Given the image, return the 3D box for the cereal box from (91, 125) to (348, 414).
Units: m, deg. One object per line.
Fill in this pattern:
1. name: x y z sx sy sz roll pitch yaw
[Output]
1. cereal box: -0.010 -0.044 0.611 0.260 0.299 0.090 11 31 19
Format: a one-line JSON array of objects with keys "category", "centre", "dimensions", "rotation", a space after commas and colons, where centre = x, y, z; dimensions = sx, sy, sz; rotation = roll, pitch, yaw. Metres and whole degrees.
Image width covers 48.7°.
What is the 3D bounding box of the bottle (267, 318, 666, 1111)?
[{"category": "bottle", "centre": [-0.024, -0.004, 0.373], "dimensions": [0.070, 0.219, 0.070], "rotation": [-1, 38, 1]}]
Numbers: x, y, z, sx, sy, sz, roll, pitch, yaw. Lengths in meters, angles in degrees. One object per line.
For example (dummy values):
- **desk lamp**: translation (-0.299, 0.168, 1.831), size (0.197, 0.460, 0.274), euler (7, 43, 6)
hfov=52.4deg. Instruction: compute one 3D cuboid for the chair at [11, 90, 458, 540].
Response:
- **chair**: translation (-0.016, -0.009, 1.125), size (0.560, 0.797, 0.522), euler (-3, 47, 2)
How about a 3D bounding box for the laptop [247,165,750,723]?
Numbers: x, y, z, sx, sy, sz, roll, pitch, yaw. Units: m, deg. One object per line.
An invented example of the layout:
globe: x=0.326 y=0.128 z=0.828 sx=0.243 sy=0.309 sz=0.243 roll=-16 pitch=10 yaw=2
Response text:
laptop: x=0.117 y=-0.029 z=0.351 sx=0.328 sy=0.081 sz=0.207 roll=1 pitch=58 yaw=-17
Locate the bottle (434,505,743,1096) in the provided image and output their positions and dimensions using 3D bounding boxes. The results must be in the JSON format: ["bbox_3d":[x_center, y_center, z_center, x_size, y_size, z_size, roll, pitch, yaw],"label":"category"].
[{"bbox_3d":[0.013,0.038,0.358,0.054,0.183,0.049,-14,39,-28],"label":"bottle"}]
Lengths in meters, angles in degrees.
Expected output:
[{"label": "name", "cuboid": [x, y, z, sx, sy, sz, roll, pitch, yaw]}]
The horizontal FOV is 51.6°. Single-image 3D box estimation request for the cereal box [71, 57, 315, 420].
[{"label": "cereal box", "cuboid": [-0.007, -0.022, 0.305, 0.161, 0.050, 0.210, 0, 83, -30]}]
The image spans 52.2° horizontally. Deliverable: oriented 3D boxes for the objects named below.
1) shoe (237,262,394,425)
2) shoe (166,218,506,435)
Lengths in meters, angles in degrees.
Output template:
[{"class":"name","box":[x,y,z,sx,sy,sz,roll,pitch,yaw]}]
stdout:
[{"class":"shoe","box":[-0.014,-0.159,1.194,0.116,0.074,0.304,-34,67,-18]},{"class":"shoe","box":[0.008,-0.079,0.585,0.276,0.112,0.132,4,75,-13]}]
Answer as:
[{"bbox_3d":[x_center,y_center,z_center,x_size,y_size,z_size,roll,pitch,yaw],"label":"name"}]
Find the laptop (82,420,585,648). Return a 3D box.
--------
Among the lines above, find those with the word "objects". Copy them.

Format: a one-line JSON array of objects with keys "category", "centre", "dimensions", "rotation", a space after commas and colons, where centre = x, y, z; dimensions = sx, sy, sz; rotation = roll, pitch, yaw. Metres and whole degrees.
The image spans 52.2° horizontally. Deliverable: oriented 3D boxes for the objects named below.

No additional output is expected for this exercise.